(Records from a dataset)
*** Block opens ***
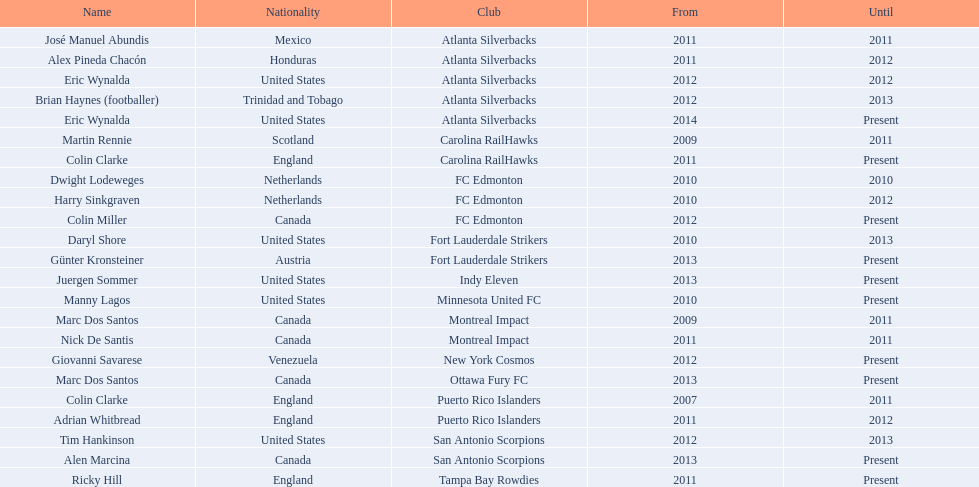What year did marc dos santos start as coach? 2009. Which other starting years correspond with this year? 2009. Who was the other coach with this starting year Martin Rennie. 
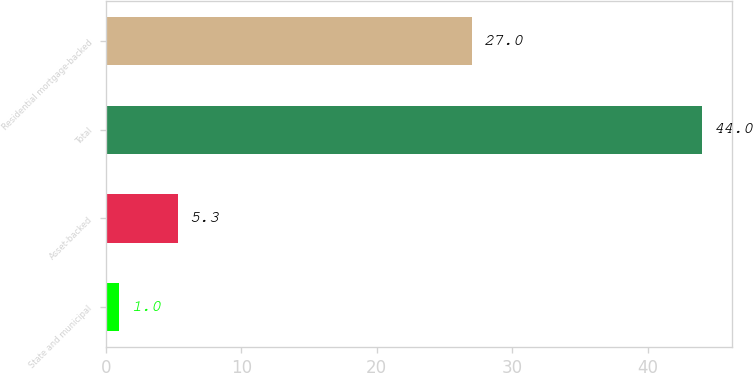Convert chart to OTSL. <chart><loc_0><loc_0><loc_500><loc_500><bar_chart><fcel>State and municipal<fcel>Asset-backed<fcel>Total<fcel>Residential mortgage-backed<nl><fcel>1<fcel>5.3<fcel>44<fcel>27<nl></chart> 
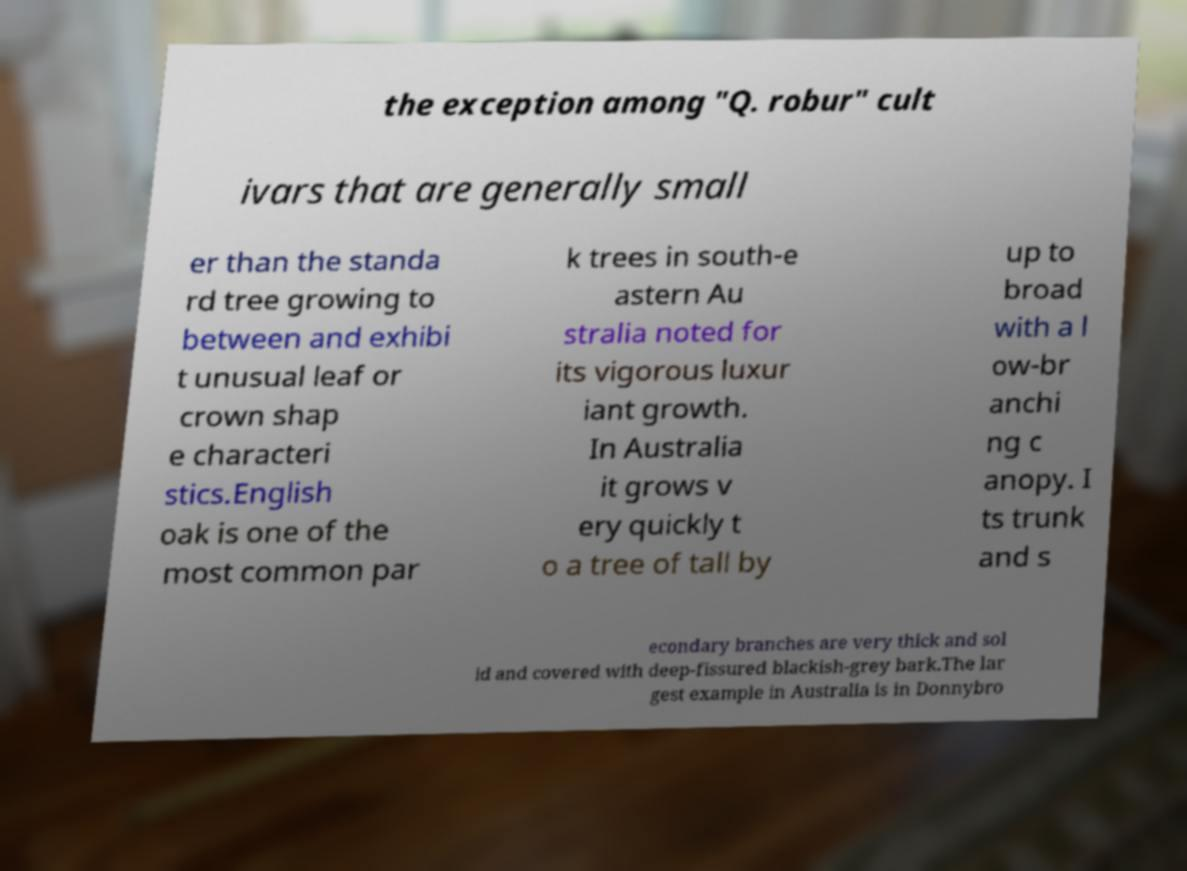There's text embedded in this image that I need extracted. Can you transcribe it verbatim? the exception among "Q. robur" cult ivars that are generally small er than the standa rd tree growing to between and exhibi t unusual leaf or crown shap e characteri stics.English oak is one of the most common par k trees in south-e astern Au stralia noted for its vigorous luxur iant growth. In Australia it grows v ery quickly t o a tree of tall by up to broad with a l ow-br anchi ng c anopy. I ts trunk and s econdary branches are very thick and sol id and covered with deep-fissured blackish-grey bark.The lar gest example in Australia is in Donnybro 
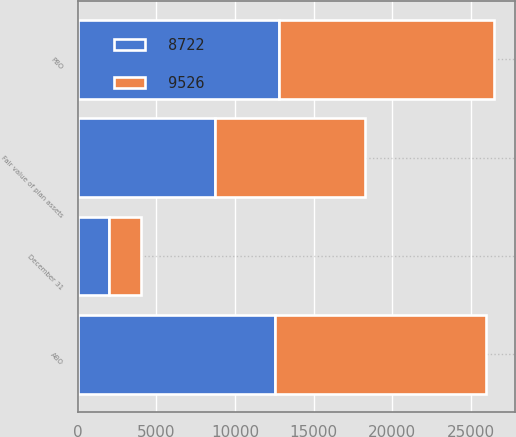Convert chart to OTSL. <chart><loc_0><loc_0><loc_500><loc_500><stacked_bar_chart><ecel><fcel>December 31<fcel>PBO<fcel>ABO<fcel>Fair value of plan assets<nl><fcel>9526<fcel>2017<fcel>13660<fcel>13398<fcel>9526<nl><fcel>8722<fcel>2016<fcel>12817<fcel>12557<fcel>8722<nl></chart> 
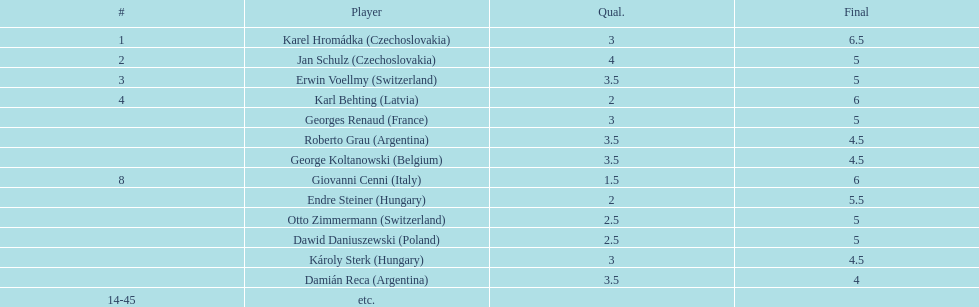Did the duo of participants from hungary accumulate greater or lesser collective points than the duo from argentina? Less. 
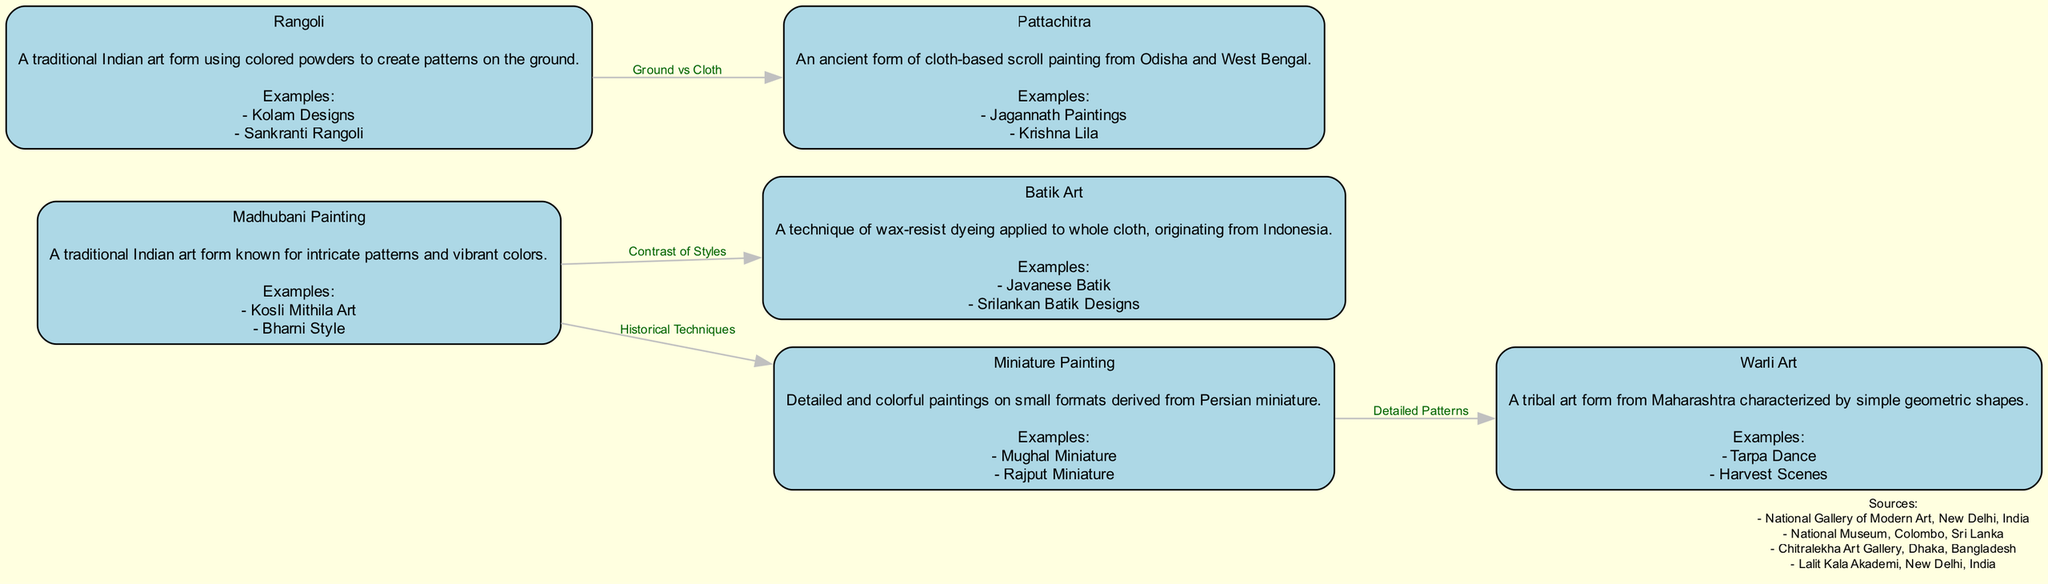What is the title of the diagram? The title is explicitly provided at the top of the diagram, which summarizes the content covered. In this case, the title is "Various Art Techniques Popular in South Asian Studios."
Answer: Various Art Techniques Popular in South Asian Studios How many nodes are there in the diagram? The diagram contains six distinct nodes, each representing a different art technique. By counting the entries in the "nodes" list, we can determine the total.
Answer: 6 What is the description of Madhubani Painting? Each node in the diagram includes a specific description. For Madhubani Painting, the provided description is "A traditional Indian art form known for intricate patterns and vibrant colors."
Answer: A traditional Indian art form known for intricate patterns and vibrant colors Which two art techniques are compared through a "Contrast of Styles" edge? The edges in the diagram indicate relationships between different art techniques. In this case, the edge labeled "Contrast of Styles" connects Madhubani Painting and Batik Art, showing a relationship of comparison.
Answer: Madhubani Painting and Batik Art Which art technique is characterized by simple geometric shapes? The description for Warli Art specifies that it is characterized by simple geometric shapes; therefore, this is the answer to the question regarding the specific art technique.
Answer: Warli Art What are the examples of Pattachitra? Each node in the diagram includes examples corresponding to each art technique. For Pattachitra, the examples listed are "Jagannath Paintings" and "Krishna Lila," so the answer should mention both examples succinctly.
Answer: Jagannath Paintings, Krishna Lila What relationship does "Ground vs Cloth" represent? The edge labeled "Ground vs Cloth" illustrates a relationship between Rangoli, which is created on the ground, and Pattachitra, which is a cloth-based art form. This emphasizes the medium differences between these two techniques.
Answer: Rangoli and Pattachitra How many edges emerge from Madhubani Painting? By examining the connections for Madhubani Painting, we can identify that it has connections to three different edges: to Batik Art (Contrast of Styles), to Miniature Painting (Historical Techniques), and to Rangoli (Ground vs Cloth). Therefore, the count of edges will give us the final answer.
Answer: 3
*** Block closes ***
*Aim of the exercise:* The answer should be the records above, unchanged, with the pictures omitted.

*Output for this task:*
What year did marc dos santos start as coach? 2009. Which other starting years correspond with this year? 2009. Who was the other coach with this starting year Martin Rennie. 
Convert chart to OTSL. <chart><loc_0><loc_0><loc_500><loc_500><bar_chart><fcel>State and municipal<fcel>Asset-backed<fcel>Total<fcel>Residential mortgage-backed<nl><fcel>1<fcel>5.3<fcel>44<fcel>27<nl></chart> 
There's text embedded in this image that I need extracted. Can you transcribe it verbatim? the exception among "Q. robur" cult ivars that are generally small er than the standa rd tree growing to between and exhibi t unusual leaf or crown shap e characteri stics.English oak is one of the most common par k trees in south-e astern Au stralia noted for its vigorous luxur iant growth. In Australia it grows v ery quickly t o a tree of tall by up to broad with a l ow-br anchi ng c anopy. I ts trunk and s econdary branches are very thick and sol id and covered with deep-fissured blackish-grey bark.The lar gest example in Australia is in Donnybro 
Convert chart to OTSL. <chart><loc_0><loc_0><loc_500><loc_500><stacked_bar_chart><ecel><fcel>December 31<fcel>PBO<fcel>ABO<fcel>Fair value of plan assets<nl><fcel>9526<fcel>2017<fcel>13660<fcel>13398<fcel>9526<nl><fcel>8722<fcel>2016<fcel>12817<fcel>12557<fcel>8722<nl></chart> 
Did the duo of participants from hungary accumulate greater or lesser collective points than the duo from argentina? Less. 
What is the title of the diagram? The title is explicitly provided at the top of the diagram, which summarizes the content covered. In this case, the title is "Various Art Techniques Popular in South Asian Studios."
Answer: Various Art Techniques Popular in South Asian Studios How many nodes are there in the diagram? The diagram contains six distinct nodes, each representing a different art technique. By counting the entries in the "nodes" list, we can determine the total.
Answer: 6 What is the description of Madhubani Painting? Each node in the diagram includes a specific description. For Madhubani Painting, the provided description is "A traditional Indian art form known for intricate patterns and vibrant colors."
Answer: A traditional Indian art form known for intricate patterns and vibrant colors Which two art techniques are compared through a "Contrast of Styles" edge? The edges in the diagram indicate relationships between different art techniques. In this case, the edge labeled "Contrast of Styles" connects Madhubani Painting and Batik Art, showing a relationship of comparison.
Answer: Madhubani Painting and Batik Art Which art technique is characterized by simple geometric shapes? The description for Warli Art specifies that it is characterized by simple geometric shapes; therefore, this is the answer to the question regarding the specific art technique.
Answer: Warli Art What are the examples of Pattachitra? Each node in the diagram includes examples corresponding to each art technique. For Pattachitra, the examples listed are "Jagannath Paintings" and "Krishna Lila," so the answer should mention both examples succinctly.
Answer: Jagannath Paintings, Krishna Lila What relationship does "Ground vs Cloth" represent? The edge labeled "Ground vs Cloth" illustrates a relationship between Rangoli, which is created on the ground, and Pattachitra, which is a cloth-based art form. This emphasizes the medium differences between these two techniques.
Answer: Rangoli and Pattachitra How many edges emerge from Madhubani Painting? By examining the connections for Madhubani Painting, we can identify that it has connections to three different edges: to Batik Art (Contrast of Styles), to Miniature Painting (Historical Techniques), and to Rangoli (Ground vs Cloth). Therefore, the count of edges will give us the final answer.
Answer: 3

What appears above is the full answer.